##### RECORDS SHOWN

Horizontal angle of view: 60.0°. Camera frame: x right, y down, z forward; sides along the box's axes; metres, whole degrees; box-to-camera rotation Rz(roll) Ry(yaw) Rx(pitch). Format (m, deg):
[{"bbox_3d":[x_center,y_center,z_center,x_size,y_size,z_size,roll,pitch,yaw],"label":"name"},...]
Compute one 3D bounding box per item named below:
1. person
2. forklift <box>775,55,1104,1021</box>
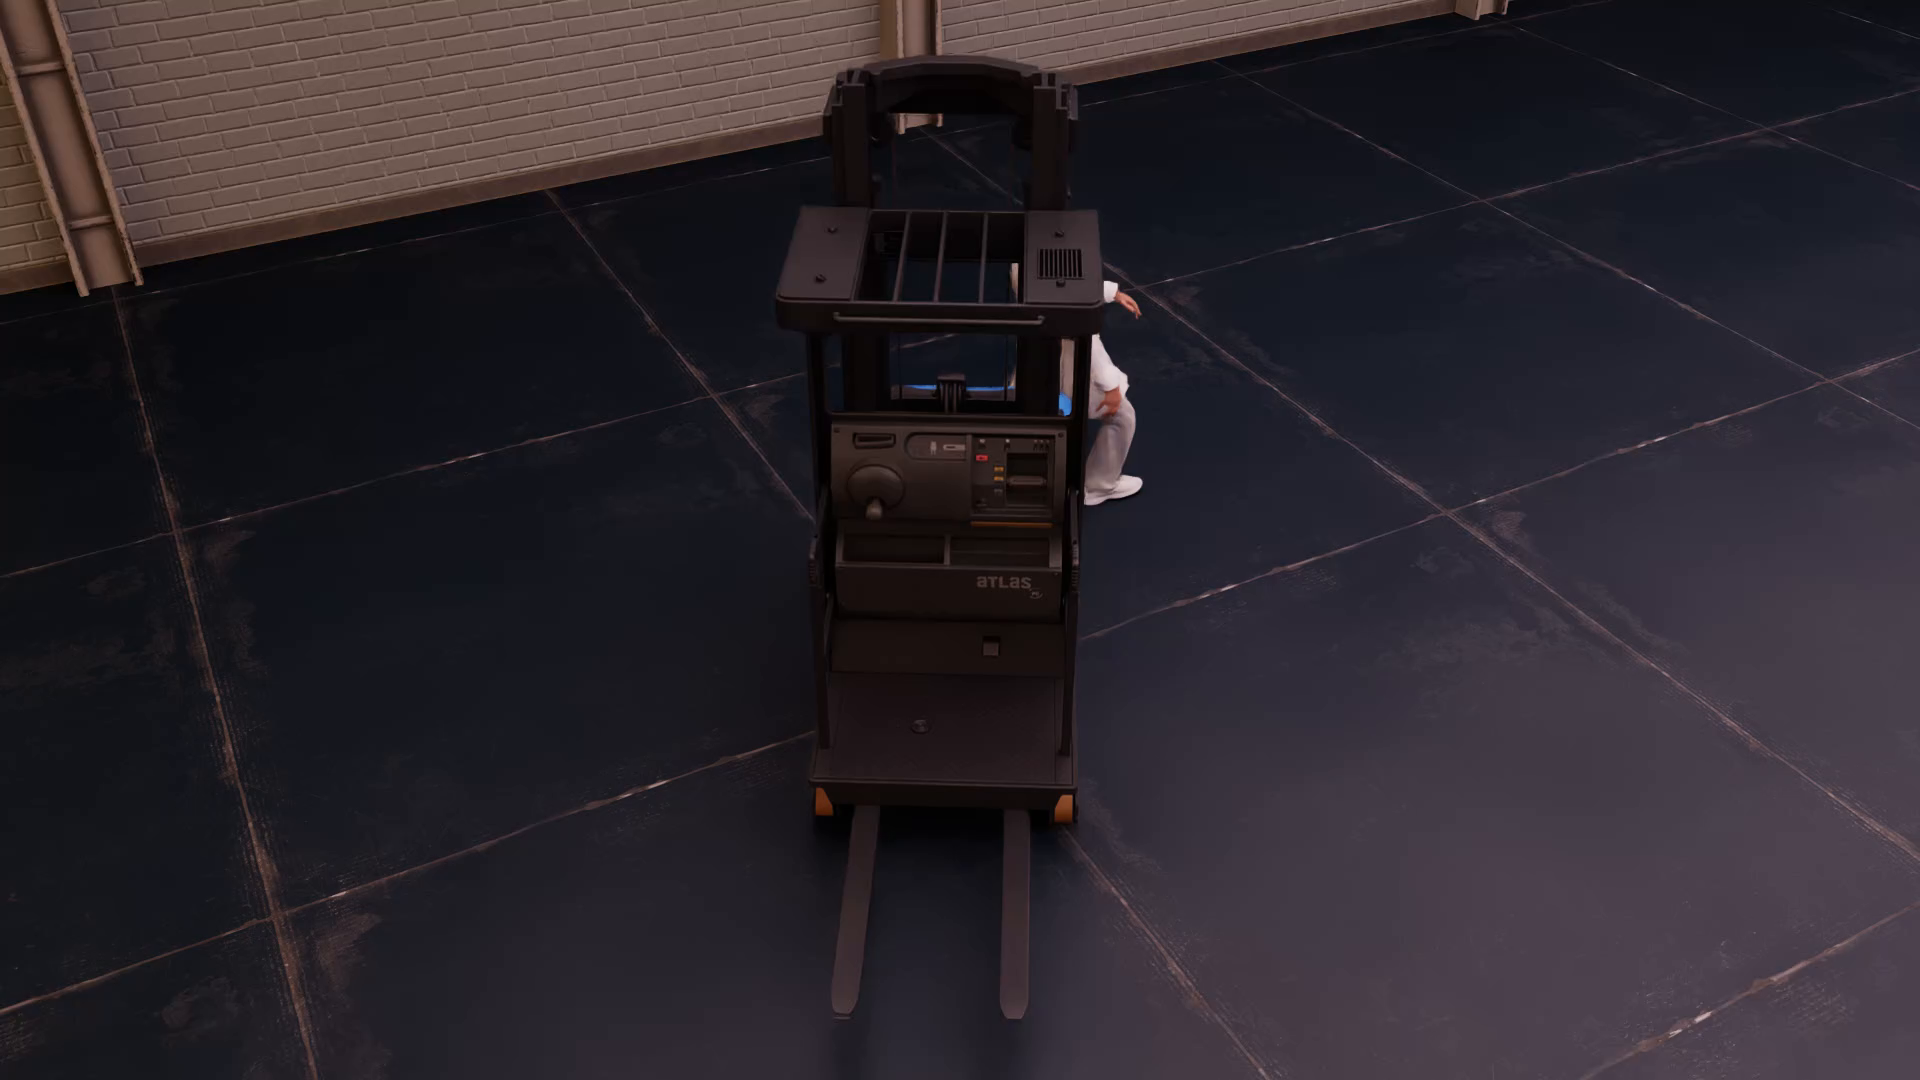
[{"bbox_3d":[0.567,-0.895,8.493,0.889,1.656,0.783,-27,43,-33],"label":"person"},{"bbox_3d":[-0.053,-0.200,6.406,1.130,2.935,3.031,1,35,2],"label":"forklift"}]

##########

TASK TO CARRY OUT.
The records must be copied with no word altered, and without their pictures.

EXPECTED ANSWER.
Horizontal angle of view: 60.0°. Camera frame: x right, y down, z forward; sides along the box's axes; metres, whole degrees; box-to-camera rotation Rz(roll) Ry(yaw) Rx(pitch). Format (m, deg):
[{"bbox_3d":[x_center,y_center,z_center,x_size,y_size,z_size,roll,pitch,yaw],"label":"name"},...]
Compute one 3D bounding box per item named below:
1. person
2. forklift <box>775,55,1104,1021</box>
[{"bbox_3d":[0.567,-0.895,8.493,0.889,1.656,0.783,-27,43,-33],"label":"person"},{"bbox_3d":[-0.053,-0.200,6.406,1.130,2.935,3.031,1,35,2],"label":"forklift"}]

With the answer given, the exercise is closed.